** THE TASK **
Across all the entries below, how many lines contain the string "each"? The number by itself is the answer.

AVAILABLE RECORDS Start Marker

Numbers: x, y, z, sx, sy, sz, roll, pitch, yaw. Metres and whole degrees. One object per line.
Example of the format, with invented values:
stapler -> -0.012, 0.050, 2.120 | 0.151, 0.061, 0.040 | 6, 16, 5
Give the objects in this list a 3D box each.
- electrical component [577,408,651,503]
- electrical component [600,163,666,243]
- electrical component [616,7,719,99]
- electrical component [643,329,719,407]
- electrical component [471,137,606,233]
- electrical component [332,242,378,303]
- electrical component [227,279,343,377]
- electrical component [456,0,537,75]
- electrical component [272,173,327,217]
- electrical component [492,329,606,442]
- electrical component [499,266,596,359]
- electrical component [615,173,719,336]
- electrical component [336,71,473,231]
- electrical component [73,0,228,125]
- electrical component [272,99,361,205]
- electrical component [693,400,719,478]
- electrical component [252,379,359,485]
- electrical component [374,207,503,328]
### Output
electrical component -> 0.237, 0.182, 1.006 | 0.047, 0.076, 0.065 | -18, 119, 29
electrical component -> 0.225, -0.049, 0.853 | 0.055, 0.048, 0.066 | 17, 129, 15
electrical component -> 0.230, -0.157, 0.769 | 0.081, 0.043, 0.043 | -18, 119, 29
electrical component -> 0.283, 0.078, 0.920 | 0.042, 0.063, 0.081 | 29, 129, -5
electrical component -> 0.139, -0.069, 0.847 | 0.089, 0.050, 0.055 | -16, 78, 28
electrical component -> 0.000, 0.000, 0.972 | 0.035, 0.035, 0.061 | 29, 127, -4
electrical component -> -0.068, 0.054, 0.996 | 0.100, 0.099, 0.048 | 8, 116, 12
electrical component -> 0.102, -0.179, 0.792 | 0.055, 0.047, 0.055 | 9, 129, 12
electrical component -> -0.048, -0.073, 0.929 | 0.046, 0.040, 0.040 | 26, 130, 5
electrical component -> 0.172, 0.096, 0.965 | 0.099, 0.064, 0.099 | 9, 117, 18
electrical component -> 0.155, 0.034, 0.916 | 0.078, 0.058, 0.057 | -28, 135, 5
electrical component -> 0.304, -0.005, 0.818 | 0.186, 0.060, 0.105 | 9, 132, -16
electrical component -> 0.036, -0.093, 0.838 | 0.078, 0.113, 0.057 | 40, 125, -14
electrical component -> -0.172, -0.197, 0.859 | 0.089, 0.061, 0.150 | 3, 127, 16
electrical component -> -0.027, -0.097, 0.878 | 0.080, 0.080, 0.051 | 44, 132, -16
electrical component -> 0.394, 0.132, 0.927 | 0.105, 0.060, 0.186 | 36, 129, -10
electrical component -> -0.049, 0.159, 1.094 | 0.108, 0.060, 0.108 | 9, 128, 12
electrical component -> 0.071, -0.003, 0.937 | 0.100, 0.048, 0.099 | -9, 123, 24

AVAILABLE RECORDS End Marker
AVAILABLE RECORDS Start Marker

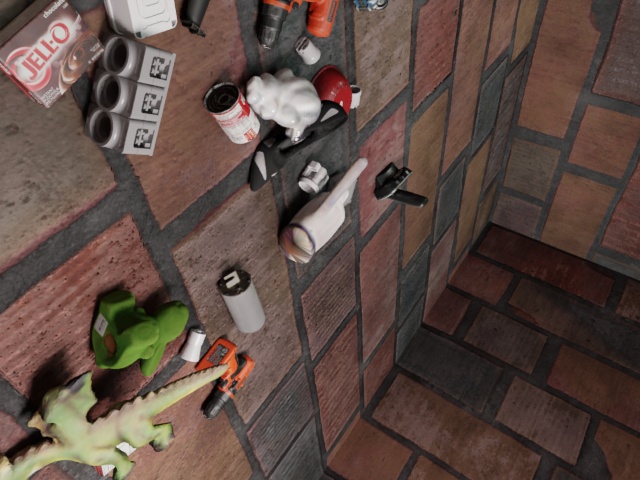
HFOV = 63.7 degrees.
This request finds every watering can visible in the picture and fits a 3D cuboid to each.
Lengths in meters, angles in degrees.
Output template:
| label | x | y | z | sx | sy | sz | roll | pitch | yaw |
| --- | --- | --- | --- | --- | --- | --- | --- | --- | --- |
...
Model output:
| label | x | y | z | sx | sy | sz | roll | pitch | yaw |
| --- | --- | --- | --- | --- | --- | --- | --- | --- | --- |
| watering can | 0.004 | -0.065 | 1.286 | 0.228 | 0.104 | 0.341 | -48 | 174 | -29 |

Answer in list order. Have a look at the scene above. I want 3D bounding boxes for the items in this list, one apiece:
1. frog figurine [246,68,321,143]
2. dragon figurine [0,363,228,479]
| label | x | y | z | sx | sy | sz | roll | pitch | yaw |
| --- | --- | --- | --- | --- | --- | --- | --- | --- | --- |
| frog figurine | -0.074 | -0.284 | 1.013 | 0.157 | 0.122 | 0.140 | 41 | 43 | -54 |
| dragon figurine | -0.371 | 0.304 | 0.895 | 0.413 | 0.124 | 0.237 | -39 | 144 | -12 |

AVAILABLE RECORDS End Marker
AVAILABLE RECORDS Start Marker

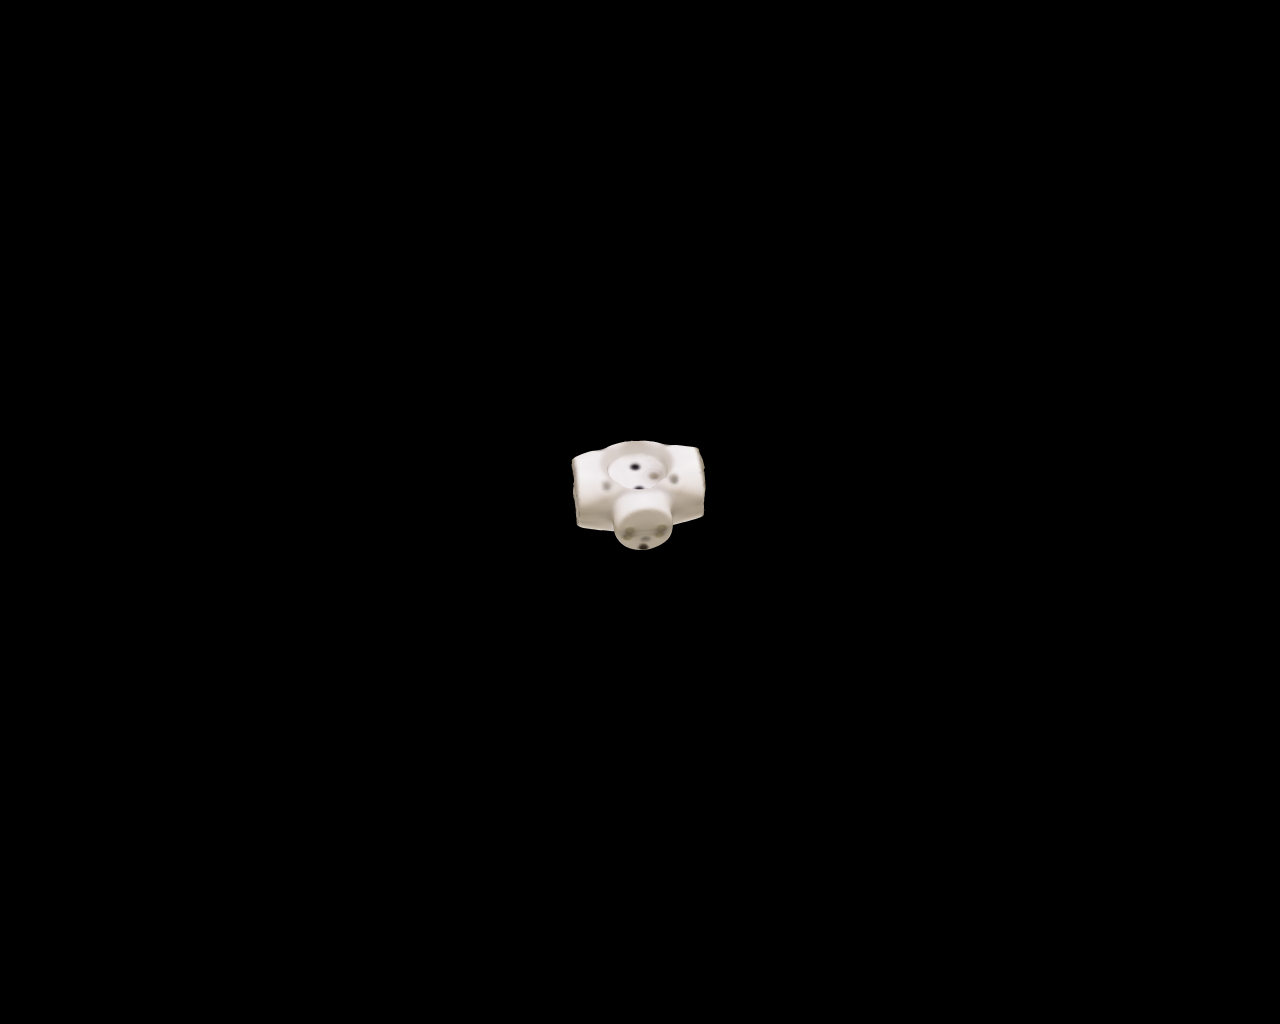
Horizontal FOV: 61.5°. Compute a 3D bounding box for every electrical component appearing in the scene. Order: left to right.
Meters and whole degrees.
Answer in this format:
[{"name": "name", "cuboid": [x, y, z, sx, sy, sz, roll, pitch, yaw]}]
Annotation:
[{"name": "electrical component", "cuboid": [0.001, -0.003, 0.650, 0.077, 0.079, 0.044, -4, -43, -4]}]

AVAILABLE RECORDS End Marker

** TASK RESPONSE **
2